Representations of relatively free profinite semigroups, irreducibility, and order primitivity

TL;DR

This paper investigates the structure of relatively free profinite semigroups within certain pseudovarieties, demonstrating their faithful action on minimal ideals and establishing join irreducibility results, including for Krohn-Rhodes complexity pseudovarieties.

Contribution

It extends join irreducibility results to broader classes of pseudovarieties and proves the stronger join irreducibility for Krohn-Rhodes complexity pseudovarieties.

Findings

Relatively free profinite semigroups act faithfully on their minimal ideals.

Several pseudovarieties are shown to be join irreducible in the lattice of ordered semigroups.
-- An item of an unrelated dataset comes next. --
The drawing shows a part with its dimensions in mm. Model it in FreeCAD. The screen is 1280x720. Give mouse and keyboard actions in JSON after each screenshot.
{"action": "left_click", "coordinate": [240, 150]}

Proves stronger join irreducibility for Krohn-Rhodes complexity pseudovarieties.

Abstract

We establish that, under certain closure assumptions on a pseudovariety of semigroups, the corresponding relatively free profinite semigroups freely generated by a non-singleton finite set act faithfully on their minimum ideals. As applications, we enlarge the scope of several previous join irreducibility results for pseudovarieties of semigroups, which turn out to be even join irreducible in the lattice of pseudovarieties of ordered semigroups, so that, in particular, they are not generated by proper subpseudovarieties of ordered semigroups. We also prove the stronger form of join irreducibility for the Krohn-Rhodes complexity pseudovarieties, thereby solving a problem proposed by Rhodes and Steinberg.